Adepte de la transgression, on se souvient d’Irréversible qui avait fait scandale, de Love avec ses scènes de sexe non simulées, de Climax fête dégénérant en délire épileptique, le provocateur Gaspar Noé, loin de ses ambiances sulfureuses, revient avec Vortex, un film poignant sur la fin de vie. Traitant plus particulièrement du fléau de la maladie d’Alzheimer, il est adressé à tous ceux dont le cerveau se décomposera avant le cœur. Une dédicace à prendre au premier degré dans la mesure où c’est ce qui attend beaucoup de gens.  

L’œuvre s’ouvre sur le générique de fin, suivi d’une une citation La vie est une courte fête qui sera vite oubliée, puis de Françoise Hardy sublime qui chante Mon amie la rose, nous rappelant qu’on est bien peu de choses... 

Et puis l’écran se sépare. On découvre un couple âgé qui se réveille le matin et le réalisateur nous embarque pour une immersion de 2h20 dans le quotidien bouleversant de ces deux personnages perdant peu à peu leurs repères, voués inéluctablement à une lente décrépitude.

Françoise Lebrun, Dario Argento et Alex Lutz 

Sans concession, n’éludant rien des ravages physiques et mentaux de la maladie et du grand âge, le film à la mise en scène dépouillée est porté par trois comédiens extraordinairement bons et justes. Ils sont leurs personnages plus qu’ils les incarnent. 
 
Ancienne psychiatre de gauche soixante-huitarde victime d’Alzheimer, elle (mythique Françoise Lebrun), sombre de plus en plus dans la démence. Lui (Dario Argento, pour la première fois à l’écran), critique de cinéma, essaye au début de gérer les choses tout en travaillant à la rédaction d’un ambitieux ouvrage. Mais sa santé très fragile l’empêche de faire face à une situation qui ne cesse de se dégrader.

lls ont un fils unique (Alex Lutz), irresponsable et toxicomane, ce qui permet au cinéaste de parler, parallèlement à la sénilité, de l’extrême précarité des junkies dans les quartiers nord de Paris. Désemparé, impuissant, il tente de  persuader ses parents de se laisser prendre en charge dans une clinique spécialisée, En vain. Ils refusent de quitter leur appartement bordélique, plein de tout ce qu’ils ont accumulé au cours de leur existence.

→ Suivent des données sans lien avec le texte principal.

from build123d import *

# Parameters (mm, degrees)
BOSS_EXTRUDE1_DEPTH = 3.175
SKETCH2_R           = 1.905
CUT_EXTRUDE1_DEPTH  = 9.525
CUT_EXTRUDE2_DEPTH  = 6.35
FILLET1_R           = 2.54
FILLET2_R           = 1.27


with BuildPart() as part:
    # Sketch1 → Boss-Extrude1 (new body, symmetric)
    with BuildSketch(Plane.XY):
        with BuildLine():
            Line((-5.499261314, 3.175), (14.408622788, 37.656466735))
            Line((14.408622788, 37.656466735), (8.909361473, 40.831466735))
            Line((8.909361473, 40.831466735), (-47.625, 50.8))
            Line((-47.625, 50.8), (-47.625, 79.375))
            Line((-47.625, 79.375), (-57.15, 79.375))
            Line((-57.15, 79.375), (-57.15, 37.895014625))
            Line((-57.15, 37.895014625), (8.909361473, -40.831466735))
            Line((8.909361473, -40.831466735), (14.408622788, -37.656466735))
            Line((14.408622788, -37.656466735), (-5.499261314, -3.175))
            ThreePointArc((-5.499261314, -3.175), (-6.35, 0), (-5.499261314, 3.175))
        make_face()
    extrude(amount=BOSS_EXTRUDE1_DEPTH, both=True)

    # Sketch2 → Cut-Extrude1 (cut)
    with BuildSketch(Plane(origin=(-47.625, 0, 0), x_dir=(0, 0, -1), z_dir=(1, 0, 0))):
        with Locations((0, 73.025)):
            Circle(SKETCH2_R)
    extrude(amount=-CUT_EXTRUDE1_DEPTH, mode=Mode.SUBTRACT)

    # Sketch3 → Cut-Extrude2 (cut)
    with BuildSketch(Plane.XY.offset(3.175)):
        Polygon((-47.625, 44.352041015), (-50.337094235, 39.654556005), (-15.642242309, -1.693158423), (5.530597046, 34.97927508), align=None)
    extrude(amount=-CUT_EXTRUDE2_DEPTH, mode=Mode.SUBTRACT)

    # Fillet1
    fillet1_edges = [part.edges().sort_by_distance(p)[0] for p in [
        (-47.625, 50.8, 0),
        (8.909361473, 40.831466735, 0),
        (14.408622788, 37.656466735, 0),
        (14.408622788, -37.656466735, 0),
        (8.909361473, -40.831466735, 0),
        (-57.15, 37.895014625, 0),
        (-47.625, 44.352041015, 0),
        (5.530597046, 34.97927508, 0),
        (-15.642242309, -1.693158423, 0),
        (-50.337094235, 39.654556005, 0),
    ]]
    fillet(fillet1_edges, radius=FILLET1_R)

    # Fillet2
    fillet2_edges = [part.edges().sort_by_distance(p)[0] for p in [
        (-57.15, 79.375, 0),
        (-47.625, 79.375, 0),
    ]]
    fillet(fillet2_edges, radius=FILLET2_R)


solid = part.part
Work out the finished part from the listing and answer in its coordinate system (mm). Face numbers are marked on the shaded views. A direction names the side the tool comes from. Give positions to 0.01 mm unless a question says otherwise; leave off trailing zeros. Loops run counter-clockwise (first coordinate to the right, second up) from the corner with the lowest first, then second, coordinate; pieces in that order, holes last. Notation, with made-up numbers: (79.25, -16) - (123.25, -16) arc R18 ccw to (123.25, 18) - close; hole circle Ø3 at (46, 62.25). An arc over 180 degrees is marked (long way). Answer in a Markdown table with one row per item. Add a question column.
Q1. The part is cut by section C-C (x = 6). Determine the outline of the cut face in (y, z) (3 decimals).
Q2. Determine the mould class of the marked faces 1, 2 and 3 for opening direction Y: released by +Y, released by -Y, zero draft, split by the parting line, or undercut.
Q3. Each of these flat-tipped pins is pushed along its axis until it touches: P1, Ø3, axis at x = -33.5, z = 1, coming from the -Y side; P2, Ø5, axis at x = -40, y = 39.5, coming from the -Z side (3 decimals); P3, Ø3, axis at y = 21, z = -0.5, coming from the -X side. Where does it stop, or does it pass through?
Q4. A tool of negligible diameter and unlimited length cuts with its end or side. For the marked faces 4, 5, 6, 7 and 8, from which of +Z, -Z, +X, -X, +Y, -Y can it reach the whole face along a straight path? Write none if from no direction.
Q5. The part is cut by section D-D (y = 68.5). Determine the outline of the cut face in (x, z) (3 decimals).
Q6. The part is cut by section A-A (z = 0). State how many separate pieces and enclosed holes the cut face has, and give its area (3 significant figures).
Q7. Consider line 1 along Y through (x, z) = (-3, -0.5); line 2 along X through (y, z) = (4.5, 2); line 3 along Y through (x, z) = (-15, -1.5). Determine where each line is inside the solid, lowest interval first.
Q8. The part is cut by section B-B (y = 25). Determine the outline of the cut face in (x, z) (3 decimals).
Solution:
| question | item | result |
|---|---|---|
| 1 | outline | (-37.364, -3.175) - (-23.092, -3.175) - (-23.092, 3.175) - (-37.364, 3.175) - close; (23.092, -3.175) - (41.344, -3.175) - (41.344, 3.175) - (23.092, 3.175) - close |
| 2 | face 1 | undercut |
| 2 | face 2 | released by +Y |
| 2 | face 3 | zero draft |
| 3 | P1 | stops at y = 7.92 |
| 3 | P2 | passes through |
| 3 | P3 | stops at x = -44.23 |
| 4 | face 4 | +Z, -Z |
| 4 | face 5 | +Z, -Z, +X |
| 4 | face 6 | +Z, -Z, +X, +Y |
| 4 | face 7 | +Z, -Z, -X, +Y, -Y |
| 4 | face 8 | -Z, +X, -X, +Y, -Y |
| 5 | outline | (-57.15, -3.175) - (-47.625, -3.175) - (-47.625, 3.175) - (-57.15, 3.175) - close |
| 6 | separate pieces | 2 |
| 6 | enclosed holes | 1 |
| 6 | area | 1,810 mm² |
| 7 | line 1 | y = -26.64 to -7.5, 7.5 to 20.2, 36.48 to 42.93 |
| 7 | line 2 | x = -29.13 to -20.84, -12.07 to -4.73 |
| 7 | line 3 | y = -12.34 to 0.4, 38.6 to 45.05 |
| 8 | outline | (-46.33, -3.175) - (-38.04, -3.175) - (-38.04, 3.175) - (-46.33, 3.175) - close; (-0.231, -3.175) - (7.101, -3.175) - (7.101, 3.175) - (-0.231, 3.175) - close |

Evoquant deux solitudes partagées, Vortex est tourné intégralement en split screen, en étant constamment d’un côté avec le père et de l’autre avec la mère. «Je n’avais pas prévu de le faire entièrement de cette façon, mais en constatant que cela fonctionnait, je me suis lancé», expliquait Gaspar Noé lors d'une conférence de presse au Festival de Locarno l'été dernier, après la projection de l'oeuvre  «C’est assez hypnotique, on ne sait pas toujours s’il faut regarder à gauche ou à droite. Et en même temps cela crée des moments magiques ».

Le choix des acteurs

Le cinéaste, qui avait envie de faire un film sur les vieux depuis des années après avoir vu sa grand-mère et sa mère perdre la tête raconte aussi comment il a choisi ses acteurs «Je suis fasciné par Dario Argento et Françoise Lebrun. Au départ Dario n’avais pas très envie. Comme le tournage de son film a été retardé, j’ai appelé sa fille Asia, qui m’a aidé à le convaincre. Mais il voulait que son personnage ait une maîtresse. Je lui ai dit ok, pas de problème, deux, trois si tu veux… »

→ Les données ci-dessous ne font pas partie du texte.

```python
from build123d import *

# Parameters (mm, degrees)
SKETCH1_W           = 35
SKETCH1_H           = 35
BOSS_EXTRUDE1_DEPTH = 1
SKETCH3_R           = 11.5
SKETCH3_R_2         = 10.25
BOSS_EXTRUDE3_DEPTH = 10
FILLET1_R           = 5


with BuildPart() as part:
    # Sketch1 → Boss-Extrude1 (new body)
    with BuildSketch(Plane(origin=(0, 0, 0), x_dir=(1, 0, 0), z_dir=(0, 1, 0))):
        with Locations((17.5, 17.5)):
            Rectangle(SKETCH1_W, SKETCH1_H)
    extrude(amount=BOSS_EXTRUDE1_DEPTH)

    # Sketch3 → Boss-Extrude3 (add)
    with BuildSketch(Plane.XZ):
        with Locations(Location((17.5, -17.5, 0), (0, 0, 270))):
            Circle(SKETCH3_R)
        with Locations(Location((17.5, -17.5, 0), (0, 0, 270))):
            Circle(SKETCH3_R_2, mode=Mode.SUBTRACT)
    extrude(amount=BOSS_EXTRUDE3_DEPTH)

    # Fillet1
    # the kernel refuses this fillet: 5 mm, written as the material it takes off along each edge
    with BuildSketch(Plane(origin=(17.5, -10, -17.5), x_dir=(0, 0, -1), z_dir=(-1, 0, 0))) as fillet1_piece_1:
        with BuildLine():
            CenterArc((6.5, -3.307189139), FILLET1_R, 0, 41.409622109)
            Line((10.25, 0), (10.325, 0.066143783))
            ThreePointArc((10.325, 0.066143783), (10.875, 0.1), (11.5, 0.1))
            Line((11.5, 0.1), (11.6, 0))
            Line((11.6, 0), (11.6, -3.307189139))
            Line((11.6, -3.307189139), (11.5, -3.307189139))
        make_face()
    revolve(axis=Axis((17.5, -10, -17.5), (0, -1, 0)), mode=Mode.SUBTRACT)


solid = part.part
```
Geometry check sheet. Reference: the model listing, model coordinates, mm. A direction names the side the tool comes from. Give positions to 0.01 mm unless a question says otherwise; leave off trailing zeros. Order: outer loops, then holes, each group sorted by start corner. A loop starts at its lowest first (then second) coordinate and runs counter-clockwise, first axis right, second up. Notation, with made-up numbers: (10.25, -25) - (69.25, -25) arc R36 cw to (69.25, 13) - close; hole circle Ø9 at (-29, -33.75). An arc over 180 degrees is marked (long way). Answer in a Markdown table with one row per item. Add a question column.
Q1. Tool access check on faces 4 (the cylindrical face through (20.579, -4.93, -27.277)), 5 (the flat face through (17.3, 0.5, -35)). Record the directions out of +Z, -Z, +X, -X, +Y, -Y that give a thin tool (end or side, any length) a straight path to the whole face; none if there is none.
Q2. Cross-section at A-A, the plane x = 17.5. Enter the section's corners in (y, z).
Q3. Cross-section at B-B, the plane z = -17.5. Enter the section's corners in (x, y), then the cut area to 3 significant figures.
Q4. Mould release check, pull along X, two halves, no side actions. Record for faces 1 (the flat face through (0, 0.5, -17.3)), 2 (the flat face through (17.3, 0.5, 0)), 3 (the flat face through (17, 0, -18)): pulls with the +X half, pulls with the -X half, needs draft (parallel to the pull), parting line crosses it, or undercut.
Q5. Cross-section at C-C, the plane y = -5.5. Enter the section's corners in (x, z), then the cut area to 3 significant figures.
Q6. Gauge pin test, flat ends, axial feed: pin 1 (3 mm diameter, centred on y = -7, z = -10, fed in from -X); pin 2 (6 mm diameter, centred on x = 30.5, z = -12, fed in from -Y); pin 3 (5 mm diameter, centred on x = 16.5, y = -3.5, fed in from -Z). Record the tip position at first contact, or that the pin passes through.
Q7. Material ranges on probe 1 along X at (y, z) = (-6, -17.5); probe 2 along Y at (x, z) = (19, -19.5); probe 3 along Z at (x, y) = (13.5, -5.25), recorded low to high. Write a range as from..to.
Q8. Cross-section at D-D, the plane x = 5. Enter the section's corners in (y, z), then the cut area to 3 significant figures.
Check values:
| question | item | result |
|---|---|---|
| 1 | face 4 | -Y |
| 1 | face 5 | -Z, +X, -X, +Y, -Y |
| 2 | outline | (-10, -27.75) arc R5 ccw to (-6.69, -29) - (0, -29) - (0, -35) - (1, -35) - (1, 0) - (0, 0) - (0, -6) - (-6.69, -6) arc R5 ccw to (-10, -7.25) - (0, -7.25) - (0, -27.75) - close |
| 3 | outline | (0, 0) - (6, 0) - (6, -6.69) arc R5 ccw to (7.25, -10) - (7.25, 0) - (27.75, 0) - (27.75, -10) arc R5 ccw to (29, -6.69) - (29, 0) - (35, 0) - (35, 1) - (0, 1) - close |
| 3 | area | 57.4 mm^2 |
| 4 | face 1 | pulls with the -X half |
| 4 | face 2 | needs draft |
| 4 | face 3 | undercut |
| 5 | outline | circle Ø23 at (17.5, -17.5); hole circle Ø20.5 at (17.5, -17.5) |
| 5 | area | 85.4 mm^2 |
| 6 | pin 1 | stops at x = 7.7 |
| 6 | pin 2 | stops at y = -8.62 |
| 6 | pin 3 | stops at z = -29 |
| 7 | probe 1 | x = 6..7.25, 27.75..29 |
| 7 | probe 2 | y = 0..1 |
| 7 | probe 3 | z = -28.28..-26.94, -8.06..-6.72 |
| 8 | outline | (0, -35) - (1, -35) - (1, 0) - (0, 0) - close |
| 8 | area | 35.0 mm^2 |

En ce qui concerne Françoise Lebrun, Gaspar Noé a tout de suite pensé à elle parce qu’il adore sa performance dans La maman et la putain. «Je la trouve absolument impressionnante. Je rêvais de la rencontrer et de la prendre dans mes bras. J’étais aux anges quand elle a accepté. Quant à Alex Lutz, je l’ai découvert avec ses talents de performeur dans son film Guy. Par ailleurs, alors qu’il joue plutôt les comiques, il est tellement mélancolique dans la vie. Il y a chez lui quelque chose de brisé».

A l’affiche dans les salles de Suisse romande dès mercredi 13 avril.